Взор скользнул дальше, повторяя изгибы шеи, пробежался по нитке алых ягод и наконец упал в пазуху, приоткрывшуюся ровно настолько, чтобы он мог разглядеть крошечную ямку между ключицами. Ту, где жила душа.
Бьярки пришлось приложить усилие, чтобы отвести глаза. Его словно затягивало в какую-то жуткую пучину, и он с отчаянием взглянул на побратима, будто умоляя, чтобы тот подал руку и вытащил его. Но вместо сочувствия увидел на лице Ивара легкое удивление и тонкий призрак усмешки. Княжич с любопытством переводил взор то на Гнеду, то на друга, и, кажется, происходящее немало забавляло его.
– Идем! – сердито приказал Бьярки, с трудом сбрасывая темный морок и пытаясь взять девушку за локоть, но та вывернулась и попятилась. Одарив его неприязненным взглядом из-под нахмуренных густых бровей, она снова обратилась к Ивару:
– Прощай, княжич. Спасибо тебе на добром слове. Покойной ночи.

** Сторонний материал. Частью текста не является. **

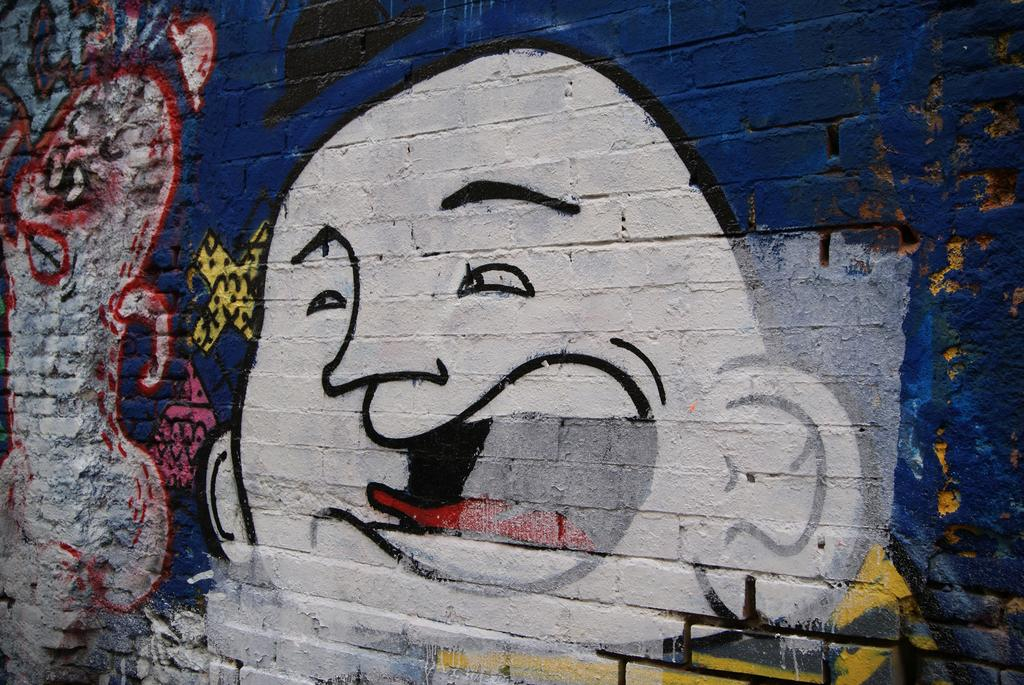What is present on the wall in the image? There is graffiti on a wall in the image. What type of hammer is being used to paint the graffiti in the image? There is no hammer present in the image, and graffiti is typically created using spray paint or markers rather than a hammer.

Гнеда с улыбкой поклонилась его побратиму, и Бьярки неожиданно больно уколола мысль, что в ее голосе, обращенном к нему самому, никогда не слышалось такой мягкости.
– И тебе доброй ночи, славница, – ответил Ивар, вернув поклон и улыбнувшись ей в ответ.
Гнеда пошла со двора, и Бьярки, сжав зубы, последовал за ней. Он был готов поклясться, что услышал за своей спиной сдавленный смешок.
Они шли обратно в таком же молчании, как и на посиделки, но теперь эта тишина была звенящей. Дыхание Бьярки заходилось, будто после драки, а из горла так и рвались неуместные и ненужные слова. Он забыл свой кожух в избе на лавке, но и в рубахе из лучшего заморского шелка было нестерпимо жарко.
Вот и ворота усадьбы. Сейчас она уйдет, а Бьярки останется наедине со всеми беснующимися в голове мыслями. С непонятными и противоречащими друг другу порывами, которые расцарапывали ему грудь. Ну уж нет!
Гнеда хотела толкнуть дверь, но Бьярки перегородил ей путь. Девушка непонимающе нахмурилась, обняв себя руками, будто готовясь защищаться. Сюда не достигал свет со двора, и ее лицо освещала лишь бледная обкромсанная луна. Легкий ветер с реки перебирал перья в волосах Гнеды, и она казалась еще более дикой и нездешней. Не принадлежащей этому миру.
– Отойди, – тихо, но твердо сказала девушка. – Чего ты еще хочешь от меня? Разве ты не доволен?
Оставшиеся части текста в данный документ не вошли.